Last summer, as South Florida descended into the hothouse season that makes it a growing haven for all things green, the city of South Miami quietly switched to organic landscaping.
It isn’t the most drastic change made by the small suburb of well-manicured lawns and leafy streets in its quest to become the greenest city on the planet. Last year the city became the first in the state to require solar panels on new homes and has long banned mosquito-spraying for marsh mosquitoes. But according to its mayor, the change was by far the simplest, and one that could be easily replicated by governments and residents across the state.
“Herbicides are sort of the unrecognized peril,” Mayor Phil Stoddard said. “I was horrified they were using all kinds of stuff that I would not want my child exposed to.”
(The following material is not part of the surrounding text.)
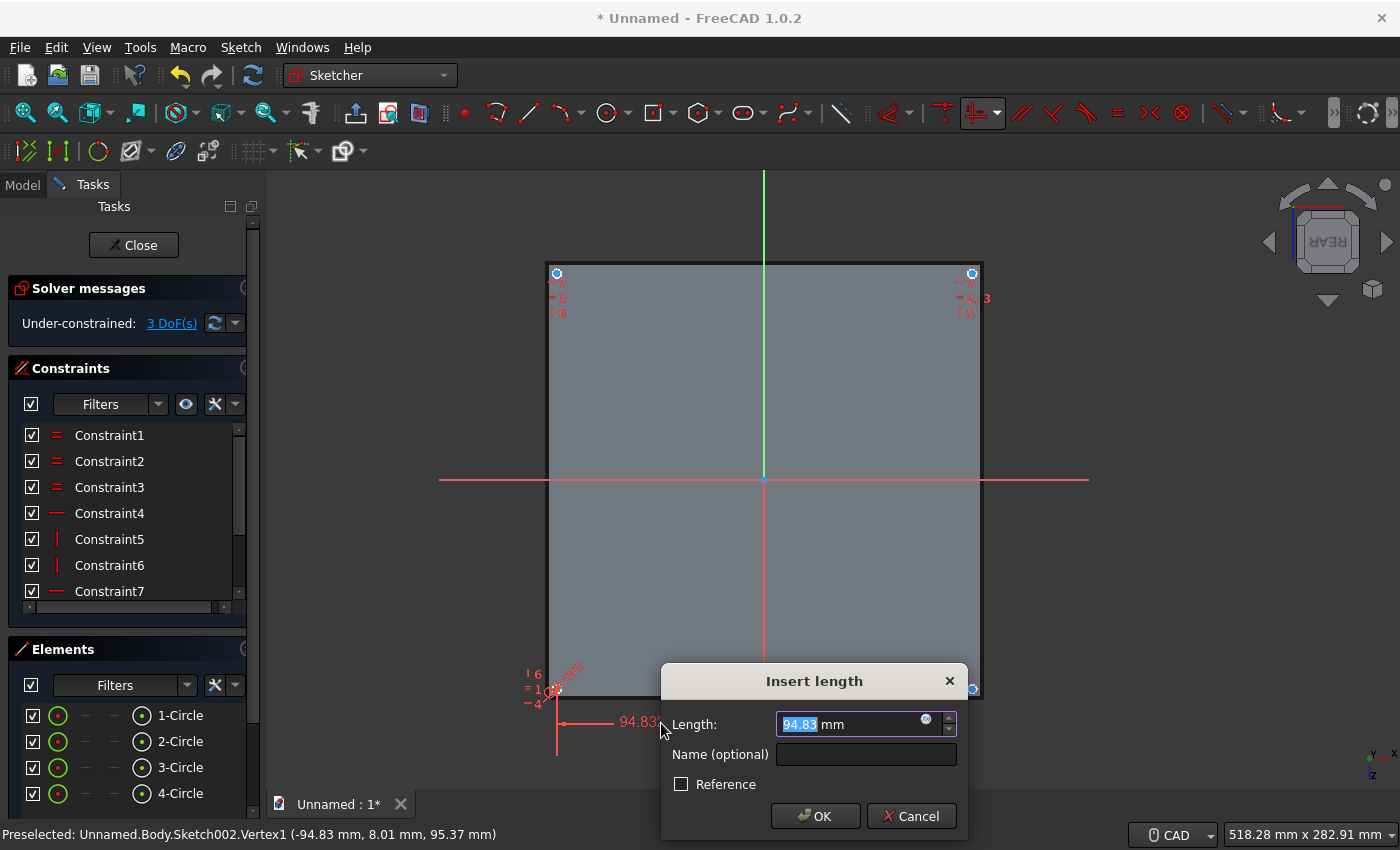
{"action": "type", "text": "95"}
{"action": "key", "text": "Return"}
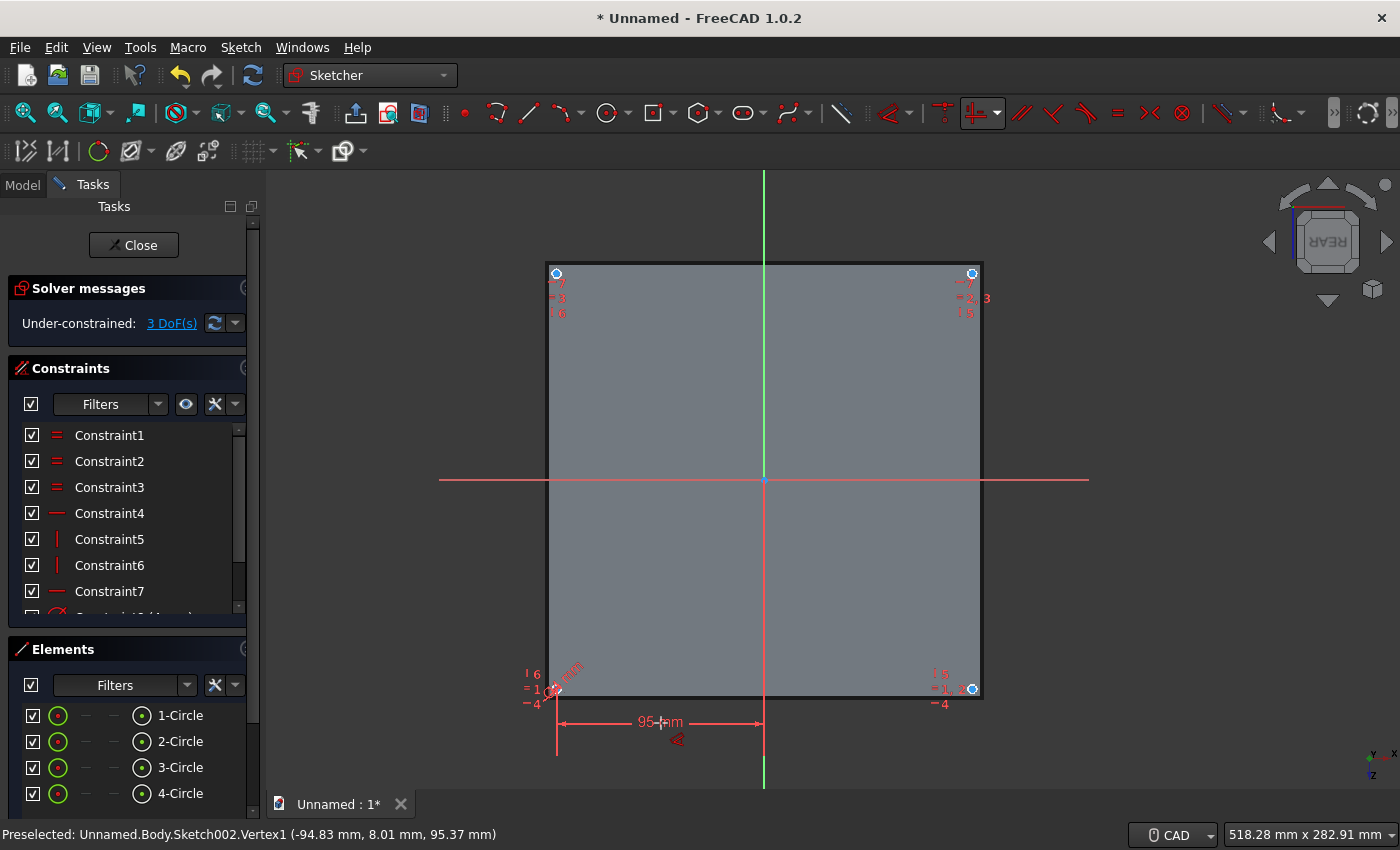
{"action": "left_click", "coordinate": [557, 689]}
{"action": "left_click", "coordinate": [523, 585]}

As the nation’s winter breadbasket with a year-round growing season, Florida ranks among the biggest consumers of fertilizer and herbicides in the nation, according to the University of Florida Institute of Food and Agricultural Sciences. During the winter, fertilizer keeps lawns lush. In summer, herbicides step in to combat the stampede of weeds. But they have also become a point of contention. Nitrogen in fertilizer can trigger toxic algae blooms, while phosphorus can wreak havoc on Everglades marshes and bays that thrive with very low amounts of nutrients. And numerous studies have blamed chemical herbicides for harming people and wildlife.
Many counties in the state, including those along the Indian River Lagoon and in Central Florida where freshwater bubbles up from underground springs, have a summer blackout on fertilizer use, although it remains a huge problem. Hundreds of tons of phosphorus still flow yearly into Lake Okeechobee, the eighth largest lake in the U.S., largely because limiting use of fertilizers is self-policed under a policy of best-management practices or BMPs.
“Along the Indian River Lagoon, cities have fertilizer regulations, but who enforces that?” asked Audubon Florida’s Okeechobee Science Director Paul Gray. “They just talk to homeowner’s groups. There’s no one following people around to make sure no one’s over-fertilizing.”
The focus has also largely remained on the perils of over-fertilizing, with few local governments pushing for organic alternatives. The city of Fort Lauderdale includes a warning about the dangers to fish, insects and animals up the food chain, but leaves it open to homeowners to choose. Others, including the city of Miami’s ordinance and North Miami Beach’s rules, call for water-saving plants but make no mention of organics.
“All of us are part of the problem and we can be neat or slovenly,” Gray said.
In South Miami, Stoddard, who distributed non-toxic mosquito traps to weary residents after Hurricane Irma, hopes to lead by example. A neurobiologist who studies behavioral ecology, Stoddard has long advocated against environmental chemical use. He led an effort to ban mosquito-spraying, except for disease-carrying Aedes aegypti, in the city and has fought Florida Power & Light to allow homeowners to install solar panels, which he has on his own home.
After reading about research on atrizine, which is banned in Europe and has been the subject of a decades-long dispute over its health impacts, Stoddard said he started looking at the products being used on South Miami’s parks and open spaces.
“Every time you look at one of these herbicides, you find there’s something going on,” he said.
His wife’s family owns a farm, he said, and at his suggestion, they switched to organic products. The change was so effortless, he asked his staff to do the same for the city. Without fanfare or any public dispute, he said they asked contractors applying for the city’s landscaping business to simply use organic fertilizer and herbicides, without increasing costs.
They got a half dozen bids ranging from about $269,000 to $67,000 for a three-year contract and settled on Hialeah-based SFM Services, which started its business 40 years ago providing janitors to the Orange Bowl.
“It just turned out to be that easy,” Stoddard said. “We just did it and so far, so good.”